Jean Fournier, président du Syndicat des professeurs du Cégep de Trois-Rivières.

L'éducation supérieure presque absente de la campagne, selon les syndicats d'enseignants

Le syndicat des enseignants et enseignantes du Collège Shawinigan et celui du Cégep de Trois-Rivières, de même que la CSN ont uni leurs voix, mercredi, afin de dénoncer la quasi-absence du thème de l'éducation, en particulier de l'éducation supérieure, dans les débats préélectoraux, tant dans la région qu'au national.
Les trois organismes lancent «un cri du coeur» afin que les différentes formations politiques se préoccupent de l'enseignement supérieur.
«Nous sommes profondément indignés, troublés par le fait que nos leaders politiques n'osent pas parler de ce qui est, à nos yeux, un enjeu fondamental», dit Jean Fournier, président du Syndicat des professeurs du Cégep de Trois-Rivières.
Les syndicats avertissent les candidats qu'ils «devront inscrire à leur agenda politique la nécessité de se préoccuper davantage de l'éducation, particulièrement de l'enseignement supérieur», plaide-t-il.

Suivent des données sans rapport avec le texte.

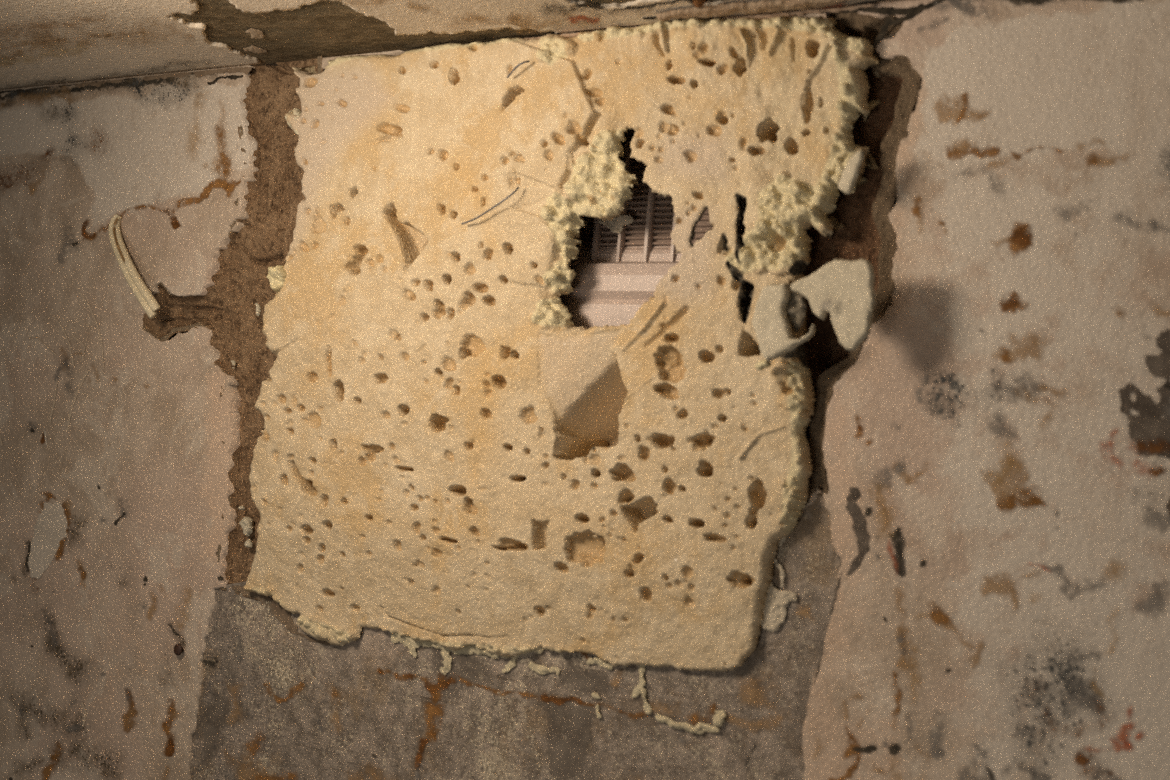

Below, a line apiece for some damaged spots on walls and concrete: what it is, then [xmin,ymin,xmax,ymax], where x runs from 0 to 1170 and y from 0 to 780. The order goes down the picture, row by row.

peeling [142,0,921,780]
peeling [28,492,89,579]
corrosion [377,668,601,779]
damp [958,620,1117,780]
damp [1111,708,1143,752]

Les syndicats se préoccupent principalement de l'accessibilité et de la gratuité. Les cégeps viennent présentement en tête de liste de la fréquentation post-secondaire chez les moins de 24 ans au Canada», indique M. Fournier.
Les syndicats plaident la nécessité de soutenir l'enseignement supérieur, notamment l'enseignement collégial. «Pas moins de 88 % des nouveaux emplois créés d'ici 2021 nécessiteront une formation technique de niveau collégial», illustre M. Fournier.
«Il faut parler d'accès à l'éducation», ajoute-t-il.
Luc Vandal, président du syndicat des enseignant(e)s du Collège Shawinigan, estime que les Cégeps représentent un moteur économique très important.
«Dans une ville comme Shawinigan, c'est un important employeur», dit-il.
Paul Lavergne, président du Conseil central du Coeur-du-Québec de la CSN, signale que pas moins de 33 000 enseignants de niveau collégial sont membres de la CSN.
«Les jeunes, quand ils finissent dans un cégep, vont travailler près de leur cégep», mentionne M. Vandal en signalant qu'il s'agit donc d'un formidable outil de rétention.
«Le réseau collégial fait vivre les régions, appuie les régions», renchérit Paul Lavergne. «C'est un énorme partenaire dans tout ce qui est économique pour une région», dit-il, notamment pour répondre aux besoins des entreprises.
«Nous avons des collègues dans les départements techniques, particulièrement chez nous, qui disaient: "j'ai 10 finissants et 100 offres d'emplois''», illustre M. Fournier, un indicateur comme quoi le réseau a besoinde soutien, rappellent les syndicats.
«Ici, ce sont plus de 6000 étudiants et étudiantes que nos deux cégeps rejoignent», souligne M. Fournier et «c'est plus de 600 professeurs», ajoute-t-il.
Finalement, les syndicats ont tenu à remettre en question la décision du ministère de l'Enseignement supérieur d'ajouter un cours d'histoire au cégep. Cela, disent-ils, se fera au détriment de cours complémentaires déjà offerts.